En son Alman yetkililerinin Türkiye’nin 680 Alman şirketini “terör”
iddiasıyla kara listeye alması, iki ülke arasındaki gerginliklere
yeniden tavan yaptırdı. Almanya Dışişleri Bakanı Gabriel’in “Bu
tehditlerle Alman şirketlerinin Türkiye’deki yatırımlarının
garantisinin kalmadığını” belirterek, Ankara’ya karşı hem Almanya
olarak, hem de AB olarak bir takım yaptırımlara gideceklerini
açıklaması ipleri iyice gerdi.
Türkiye de, ülkemizde yargının tarafsız ve bağımsız olduğunu ileri sürerek, krizi “Alman politikacılarının “Türk yargısını hiçe sayan ve diplomatik nezâketten uzak bir yaklaşım ve üslûbundan kaynaklandığını” açıkladı. Ardından Almanya’yı terör örgütlerinin faaliyetlerine seyirci kalmakla suçladı.

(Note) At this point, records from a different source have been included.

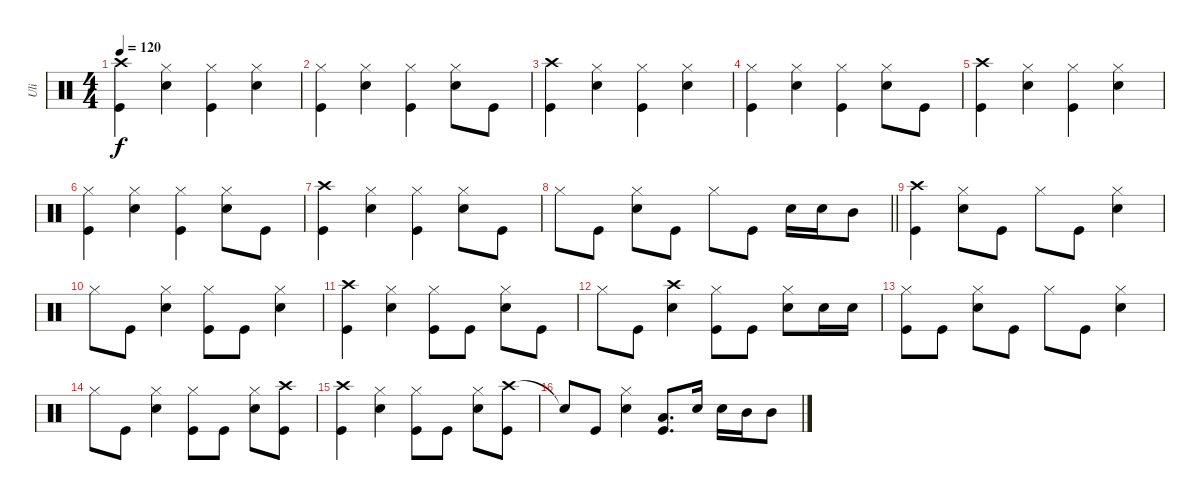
\track ("Uli" "Uli") {instrument percussion}
\staff {score}
\articulation defaults
\ts (4 4)
\tempo 120
\clef neutral
\ks aminor
("Crash high (hit)" "Kick (hit)").4{dy f} ("Hi-Hat (closed)" "Snare (hit) 2").4 ("Hi-Hat (closed)" "Kick (hit)").4 ("Hi-Hat (closed)" "Snare (hit) 2").4 |
("Hi-Hat (closed)" "Kick (hit)").4 ("Hi-Hat (closed)" "Snare (hit) 2").4 ("Hi-Hat (closed)" "Kick (hit)").4 ("Hi-Hat (closed)" "Snare (hit) 2").8 "Kick (hit)".8 |
("Crash high (hit)" "Kick (hit)").4 ("Hi-Hat (closed)" "Snare (hit) 2").4 ("Hi-Hat (closed)" "Kick (hit)").4 ("Hi-Hat (closed)" "Snare (hit) 2").4 |
("Hi-Hat (closed)" "Kick (hit)").4 ("Hi-Hat (closed)" "Snare (hit) 2").4 ("Hi-Hat (closed)" "Kick (hit)").4 ("Hi-Hat (closed)" "Snare (hit) 2").8 "Kick (hit)".8 |
("Crash high (hit)" "Kick (hit)").4 ("Hi-Hat (closed)" "Snare (hit) 2").4 ("Hi-Hat (closed)" "Kick (hit)").4 ("Hi-Hat (closed)" "Snare (hit) 2").4 |
("Hi-Hat (closed)" "Kick (hit)").4 ("Hi-Hat (closed)" "Snare (hit) 2").4 ("Hi-Hat (closed)" "Kick (hit)").4 ("Hi-Hat (closed)" "Snare (hit) 2").8 "Kick (hit)".8 |
("Crash high (hit)" "Kick (hit)").4 ("Hi-Hat (closed)" "Snare (hit) 2").4 ("Hi-Hat (closed)" "Kick (hit)").4 ("Hi-Hat (closed)" "Snare (hit) 2").8 "Kick (hit)".8 |
\barLineRight lightlight "Hi-Hat (closed)".8 "Kick (hit)".8
("Hi-Hat (closed)" "Snare (hit) 2").8 "Kick (hit)".8 "Hi-Hat (closed)".8 "Kick (hit)".8 "Snare (hit) 2".16 "Snare (hit) 2".16 "Mid Tom (hit)".8 |
("Crash high (hit)" "Kick (hit)").4 ("Hi-Hat (closed)" "Snare (hit) 2").8 "Kick (hit)".8 "Hi-Hat (closed)".8 "Kick (hit)".8 ("Hi-Hat (closed)" "Snare (hit) 2").4 |
"Hi-Hat (closed)".8 "Kick (hit)".8 ("Hi-Hat (closed)" "Snare (hit) 2").4 ("Hi-Hat (closed)" "Kick (hit)").8 "Kick (hit)".8 ("Hi-Hat (closed)" "Snare (hit) 2").4 |
("Crash high (hit)" "Kick (hit)").4 ("Hi-Hat (closed)" "Snare (hit) 2").4 ("Hi-Hat (closed)" "Kick (hit)").8 "Kick (hit)".8 ("Hi-Hat (closed)" "Snare (hit) 2").8 "Kick (hit)".8 |
"Hi-Hat (closed)".8 "Kick (hit)".8 ("Crash high (hit)" "Snare (hit) 2").4 ("Hi-Hat (closed)" "Kick (hit)").8 "Kick (hit)".8 ("Hi-Hat (closed)" "Snare (hit) 2").8 "Snare (hit) 2".16 "Snare (hit) 2".16 |
("Hi-Hat (closed)" "Kick (hit)").8 "Kick (hit)".8 ("Hi-Hat (closed)" "Snare (hit) 2").8 "Kick (hit)".8 "Hi-Hat (closed)".8 "Kick (hit)".8 ("Hi-Hat (closed)" "Snare (hit) 2").4 |
"Hi-Hat (closed)".8 "Kick (hit)".8 ("Hi-Hat (closed)" "Snare (hit) 2").4 ("Hi-Hat (closed)" "Kick (hit)").8 "Kick (hit)".8 ("Hi-Hat (closed)" "Snare (hit) 2").8 ("Crash high (hit)" "Kick (hit)").8 |
("Crash high (hit)" "Kick (hit)").4 ("Hi-Hat (closed)" "Snare (hit) 2").4 ("Hi-Hat (closed)" "Kick (hit)").8 "Kick (hit)".8 ("Hi-Hat (closed)" "Snare (hit) 2").8 ("Crash high (hit)" "Kick (hit)").8 |
"Snare (hit)"{t}.8 "Kick (hit)".8 ("Hi-Hat (closed)" "Snare (hit) 2").4 ("Low Tom (hit)" "Kick (hit)").8{d} "Snare (hit) 2".16 "Snare (hit) 2".16 "Mid Tom (hit)".16 "Mid Tom (hit)".8
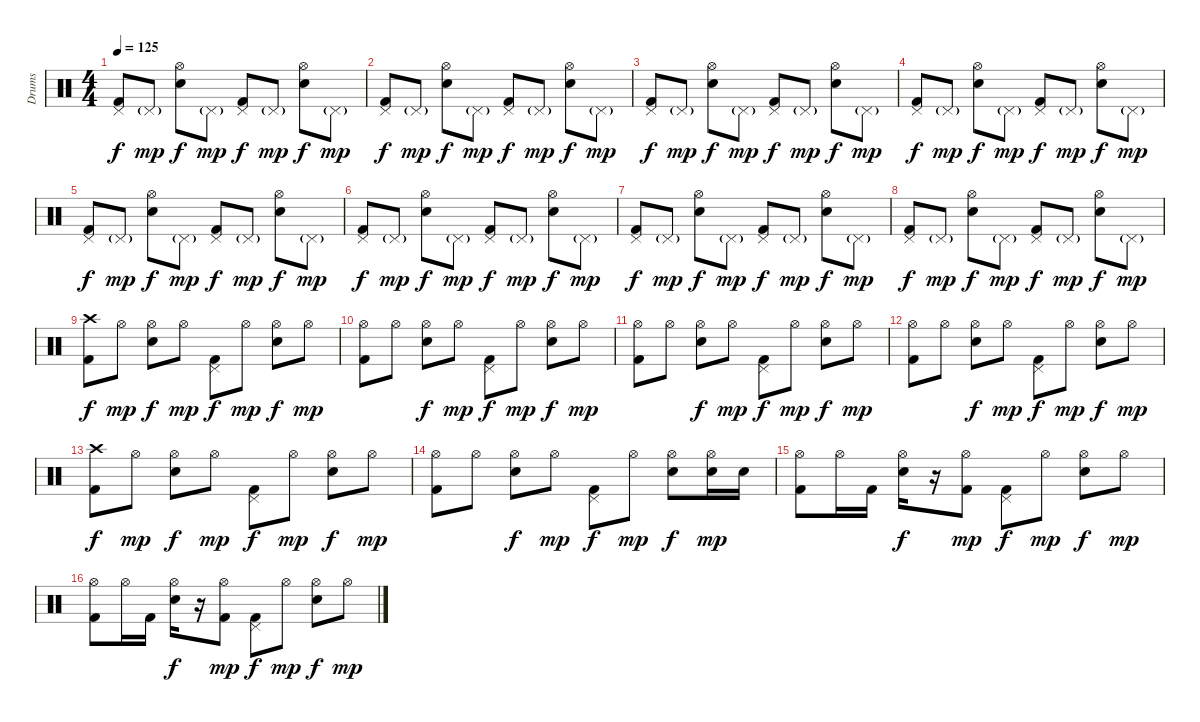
\track ("Drums" "Drums") {instrument percussion}
\staff {score}
\articulation defaults
\ts (4 4)
\tempo 125
\clef neutral
\ks c
("Pedal Hi-Hat (hit)" "Kick (hit) 2").8{dy f} "Pedal Hi-Hat (hit)"{g}.8{dy mp} ("Hi-Hat (open)" "Snare (hit) 2").8{dy f} "Pedal Hi-Hat (hit)"{g}.8{dy mp} ("Pedal Hi-Hat (hit)" "Kick (hit) 2").8{dy f} "Pedal Hi-Hat (hit)"{g}.8{dy mp} ("Hi-Hat (open)" "Snare (hit) 2").8{dy f} "Pedal Hi-Hat (hit)"{g}.8{dy mp} |
("Pedal Hi-Hat (hit)" "Kick (hit) 2").8{dy f} "Pedal Hi-Hat (hit)"{g}.8{dy mp} ("Hi-Hat (open)" "Snare (hit) 2").8{dy f} "Pedal Hi-Hat (hit)"{g}.8{dy mp} ("Pedal Hi-Hat (hit)" "Kick (hit) 2").8{dy f} "Pedal Hi-Hat (hit)"{g}.8{dy mp} ("Hi-Hat (open)" "Snare (hit) 2").8{dy f} "Pedal Hi-Hat (hit)"{g}.8{dy mp} |
("Pedal Hi-Hat (hit)" "Kick (hit) 2").8{dy f} "Pedal Hi-Hat (hit)"{g}.8{dy mp} ("Hi-Hat (open)" "Snare (hit) 2").8{dy f} "Pedal Hi-Hat (hit)"{g}.8{dy mp} ("Pedal Hi-Hat (hit)" "Kick (hit) 2").8{dy f} "Pedal Hi-Hat (hit)"{g}.8{dy mp} ("Hi-Hat (open)" "Snare (hit) 2").8{dy f} "Pedal Hi-Hat (hit)"{g}.8{dy mp} |
("Pedal Hi-Hat (hit)" "Kick (hit) 2").8{dy f} "Pedal Hi-Hat (hit)"{g}.8{dy mp} ("Hi-Hat (open)" "Snare (hit) 2").8{dy f} "Pedal Hi-Hat (hit)"{g}.8{dy mp} ("Pedal Hi-Hat (hit)" "Kick (hit) 2").8{dy f} "Pedal Hi-Hat (hit)"{g}.8{dy mp} ("Hi-Hat (open)" "Snare (hit) 2").8{dy f} "Pedal Hi-Hat (hit)"{g}.8{dy mp} |
("Pedal Hi-Hat (hit)" "Kick (hit) 2").8{dy f} "Pedal Hi-Hat (hit)"{g}.8{dy mp} ("Hi-Hat (open)" "Snare (hit) 2").8{dy f} "Pedal Hi-Hat (hit)"{g}.8{dy mp} ("Pedal Hi-Hat (hit)" "Kick (hit) 2").8{dy f} "Pedal Hi-Hat (hit)"{g}.8{dy mp} ("Hi-Hat (open)" "Snare (hit) 2").8{dy f} "Pedal Hi-Hat (hit)"{g}.8{dy mp} |
("Pedal Hi-Hat (hit)" "Kick (hit) 2").8{dy f} "Pedal Hi-Hat (hit)"{g}.8{dy mp} ("Hi-Hat (open)" "Snare (hit) 2").8{dy f} "Pedal Hi-Hat (hit)"{g}.8{dy mp} ("Pedal Hi-Hat (hit)" "Kick (hit) 2").8{dy f} "Pedal Hi-Hat (hit)"{g}.8{dy mp} ("Hi-Hat (open)" "Snare (hit) 2").8{dy f} "Pedal Hi-Hat (hit)"{g}.8{dy mp} |
("Pedal Hi-Hat (hit)" "Kick (hit) 2").8{dy f} "Pedal Hi-Hat (hit)"{g}.8{dy mp} ("Hi-Hat (open)" "Snare (hit) 2").8{dy f} "Pedal Hi-Hat (hit)"{g}.8{dy mp} ("Pedal Hi-Hat (hit)" "Kick (hit) 2").8{dy f} "Pedal Hi-Hat (hit)"{g}.8{dy mp} ("Hi-Hat (open)" "Snare (hit) 2").8{dy f} "Pedal Hi-Hat (hit)"{g}.8{dy mp} |
("Pedal Hi-Hat (hit)" "Kick (hit) 2").8{dy f} "Pedal Hi-Hat (hit)"{g}.8{dy mp} ("Hi-Hat (open)" "Snare (hit) 2").8{dy f} "Pedal Hi-Hat (hit)"{g}.8{dy mp} ("Pedal Hi-Hat (hit)" "Kick (hit) 2").8{dy f} "Pedal Hi-Hat (hit)"{g}.8{dy mp} ("Hi-Hat (open)" "Snare (hit) 2").8{dy f} "Pedal Hi-Hat (hit)"{g}.8{dy mp} |
("Crash high (hit)" "Kick (hit) 2").8{dy f} "Hi-Hat (open)".8{dy mp} ("Hi-Hat (open)" "Snare (hit) 2").8{dy f} "Hi-Hat (open)".8{dy mp} ("Pedal Hi-Hat (hit)" "Kick (hit) 2").8{dy f} "Hi-Hat (open)".8{dy mp} ("Hi-Hat (open)" "Snare (hit) 2").8{dy f} "Hi-Hat (open)".8{dy mp} |
("Hi-Hat (open)" "Kick (hit) 2").8 "Hi-Hat (open)".8 ("Hi-Hat (open)" "Snare (hit) 2").8{dy f} "Hi-Hat (open)".8{dy mp} ("Pedal Hi-Hat (hit)" "Kick (hit) 2").8{dy f} "Hi-Hat (open)".8{dy mp} ("Hi-Hat (open)" "Snare (hit) 2").8{dy f} "Hi-Hat (open)".8{dy mp} |
("Hi-Hat (open)" "Kick (hit) 2").8 "Hi-Hat (open)".8 ("Hi-Hat (open)" "Snare (hit) 2").8{dy f} "Hi-Hat (open)".8{dy mp} ("Pedal Hi-Hat (hit)" "Kick (hit) 2").8{dy f} "Hi-Hat (open)".8{dy mp} ("Hi-Hat (open)" "Snare (hit) 2").8{dy f} "Hi-Hat (open)".8{dy mp} |
("Hi-Hat (open)" "Kick (hit) 2").8 "Hi-Hat (open)".8 ("Hi-Hat (open)" "Snare (hit) 2").8{dy f} "Hi-Hat (open)".8{dy mp} ("Pedal Hi-Hat (hit)" "Kick (hit) 2").8{dy f} "Hi-Hat (open)".8{dy mp} ("Hi-Hat (open)" "Snare (hit) 2").8{dy f} "Hi-Hat (open)".8{dy mp} |
("Crash high (hit)" "Kick (hit) 2").8{dy f} "Hi-Hat (open)".8{dy mp} ("Hi-Hat (open)" "Snare (hit) 2").8{dy f} "Hi-Hat (open)".8{dy mp} ("Pedal Hi-Hat (hit)" "Kick (hit) 2").8{dy f} "Hi-Hat (open)".8{dy mp} ("Hi-Hat (open)" "Snare (hit) 2").8{dy f} "Hi-Hat (open)".8{dy mp} |
("Hi-Hat (open)" "Kick (hit) 2").8 "Hi-Hat (open)".8 ("Hi-Hat (open)" "Snare (hit) 2").8{dy f} "Hi-Hat (open)".8{dy mp} ("Pedal Hi-Hat (hit)" "Kick (hit) 2").8{dy f} "Hi-Hat (open)".8{dy mp} ("Hi-Hat (open)" "Snare (hit) 2").8{dy f} ("Hi-Hat (open)" "Snare (hit) 2").16{dy mp} "Snare (hit) 2".16 |
("Hi-Hat (open)" "Kick (hit) 2").8 "Hi-Hat (open)".16 "Kick (hit) 2".16 ("Hi-Hat (open)" "Snare (hit) 2").16{dy f} r.16 ("Hi-Hat (open)" "Kick (hit) 2").8{dy mp} ("Pedal Hi-Hat (hit)" "Kick (hit) 2").8{dy f} "Hi-Hat (open)".8{dy mp} ("Hi-Hat (open)" "Snare (hit) 2").8{dy f} "Hi-Hat (open)".8{dy mp} |
("Hi-Hat (open)" "Kick (hit) 2").8 "Hi-Hat (open)".16 "Kick (hit) 2".16 ("Hi-Hat (open)" "Snare (hit) 2").16{dy f} r.16 ("Hi-Hat (open)" "Kick (hit) 2").8{dy mp} ("Pedal Hi-Hat (hit)" "Kick (hit) 2").8{dy f} "Hi-Hat (open)".8{dy mp} ("Hi-Hat (open)" "Snare (hit) 2").8{dy f} "Hi-Hat (open)".8{dy mp}

Aslında Almanya Maliye Bakanı Schaeuble’nin, Bild gazetesinde yer alan, “Cumhurbaşkanı Erdoğan yüzyıllık ortaklığı tehlikeye atıyor; bu çok yazık, çünkü bizi birbirimize bağlayan gerçekten çok şey var; ancak bize şantaj yapılmasına izin veremeyiz” ifadesi, iki ülke arasındaki ilişkilerin geldiği noktayı göstermesi açısından önemli.
Krizin ağır maliyetine mukabil, Alman makamlarının açıklamalarını “talihsiz” ve “akıl tutulması” olarak niteleyerek kınayan Ankara’dan peşpeşe tavzihler yapıldı.